A Associação Nacional de Fabricantes de Componentes Automotivos e Empresas Afins (NAACAM) insiste que o governo obrigue os fabricantes internacionais de automóveis a aumentar a participação de conteúdo local nos veículos montados na África do Sul para 60%.
Problemas do Plano Mestre
Atualmente, o Plano Mestre Automobilístico Sul-Africano (SAAM) 2035 está sendo revisado, pois com o ritmo atual é extremamente improvável que ele atinja a meta estabelecida de aumentar o conteúdo de produção local para 60%, o que deveria criar 224.000 empregos.
Posição da NAACAM
O diretor executivo da NAACAM, Renay Mutilial, declarou em entrevista ao representante do sindicato MISA, Fakimile Khlubi-Majole, que a localização é a alavanca mais eficaz para estimular a economia interna, criar empregos e desenvolver habilidades locais, visto que a produção de componentes gera o maior emprego na cadeia de valor da indústria automotiva.
Mutilial citou o Brasil, Tailândia e Turquia, onde os governos impõem condições obrigatórias aos fabricantes originais de equipamentos (OEM). Nessas regiões, o cumprimento dos requisitos de localização estabelecidos pelo estado não é uma opção, mas uma condição para a venda de carros.
Ele enfatizou: «Não devemos pedir desculpas por isso. A localização garante efetivamente que você obtenha um valor agregado significativo dos OEMs. O padrão global de localização é de 60%. Na África do Sul, estamos presos em 40%, e merecemos mais. Os OEMs na África do Sul recebem muito apoio do governo e da classe trabalhadora. Sentimos que devemos ser decisivos. 60% é a meta no Plano Mestre».
Na opinião de Mutilial, essa meta existe apenas no papel e carece da vontade política necessária para garantir seu alcance.
Apoio dos Sindicatos e Opinião Especializada
A MISA, o principal sindicato da indústria de varejo automotiva e representando 79.000 membros, apoia o ponto de vista da NAACAM. O sindicato observou que a criação de empregos dignos e sustentáveis está no centro do Plano Mestre.
O diretor executivo de operações da MISA, Martle Kater, afirmou em um comunicado que «não é infundado exigir dos OEMs que produzem localmente e recebem incentivos significativos do governo que assumam o compromisso de criar empregos de produção reais».

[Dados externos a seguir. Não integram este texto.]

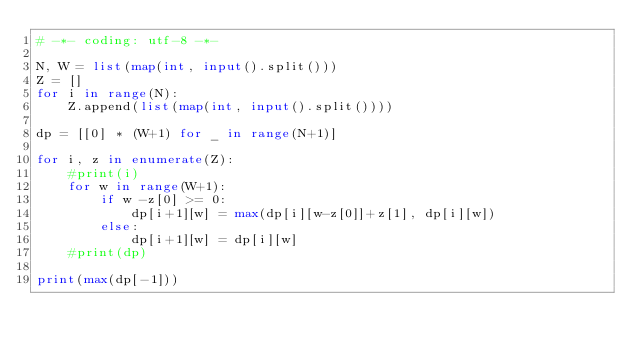<code> <loc_0><loc_0><loc_500><loc_500><_Python_># -*- coding: utf-8 -*-

N, W = list(map(int, input().split()))
Z = []
for i in range(N):
    Z.append(list(map(int, input().split())))

dp = [[0] * (W+1) for _ in range(N+1)]

for i, z in enumerate(Z):
    #print(i)
    for w in range(W+1):
        if w -z[0] >= 0:
            dp[i+1][w] = max(dp[i][w-z[0]]+z[1], dp[i][w])
        else:
            dp[i+1][w] = dp[i][w]
    #print(dp)

print(max(dp[-1]))
</code> 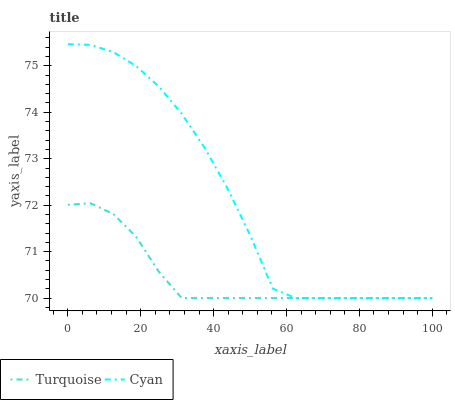Does Turquoise have the minimum area under the curve?
Answer yes or no. Yes. Does Cyan have the maximum area under the curve?
Answer yes or no. Yes. Does Turquoise have the maximum area under the curve?
Answer yes or no. No. Is Turquoise the smoothest?
Answer yes or no. Yes. Is Cyan the roughest?
Answer yes or no. Yes. Is Turquoise the roughest?
Answer yes or no. No. Does Cyan have the lowest value?
Answer yes or no. Yes. Does Cyan have the highest value?
Answer yes or no. Yes. Does Turquoise have the highest value?
Answer yes or no. No. Does Cyan intersect Turquoise?
Answer yes or no. Yes. Is Cyan less than Turquoise?
Answer yes or no. No. Is Cyan greater than Turquoise?
Answer yes or no. No. 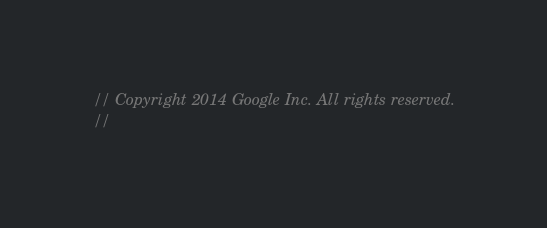<code> <loc_0><loc_0><loc_500><loc_500><_C_>// Copyright 2014 Google Inc. All rights reserved.
//</code>

Marin Firi, diretora da Oxyon People Solutions, observou no início deste ano que as marcas chinesas de automóveis lideram o mercado de veículos elétricos (VE) em todo o mundo e pretendem permanecer na África do Sul. No entanto, segundo ela, a oportunidade reside em encorajar essas marcas a utilizar empresas existentes, trabalhadores locais qualificados e fornecedores locais.

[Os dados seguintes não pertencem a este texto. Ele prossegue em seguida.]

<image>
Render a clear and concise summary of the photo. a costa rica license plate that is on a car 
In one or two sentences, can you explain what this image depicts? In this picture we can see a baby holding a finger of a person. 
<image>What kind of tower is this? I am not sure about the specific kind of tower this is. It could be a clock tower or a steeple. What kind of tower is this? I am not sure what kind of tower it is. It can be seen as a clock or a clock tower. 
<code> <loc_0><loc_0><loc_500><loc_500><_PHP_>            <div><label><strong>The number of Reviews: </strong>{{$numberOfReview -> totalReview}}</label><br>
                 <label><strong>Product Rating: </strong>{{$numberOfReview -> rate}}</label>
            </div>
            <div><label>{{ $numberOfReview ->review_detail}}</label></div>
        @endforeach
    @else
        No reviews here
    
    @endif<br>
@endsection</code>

Isso permitiria passar da importação de carros para sua produção local, o que está alinhado com os objetivos de crescimento da indústria verde. Firi acrescentou que a localização da África do Sul dá acesso aos mercados sul-africanos sem tarifas dentro da Zona de Livre Comércio Continental Africana, e os acordos comerciais abrem portas para a Europa e além. Com uma cadeia de suprimentos confiável, o país pode se tornar uma base para a produção de VE, se a política apoiar isso.
No entanto, Firi apontou que os custos de produção na África do Sul são mais altos do que na China. Embora os recentes incentivos fiscais para investimentos em veículos de combustível de hidrogênio e VE sejam um bom começo, é preciso mais. «Precisamos de descontos para empresas que contratam moradores locais e cumprem as regras de conteúdo. Além disso, deve haver financiamento para a modernização das fábricas e para ajudar os fornecedores na transição para peças de VE. Sem um plano de redução de custos, os investimentos irão para outros países», declarou Firi em seu comunicado.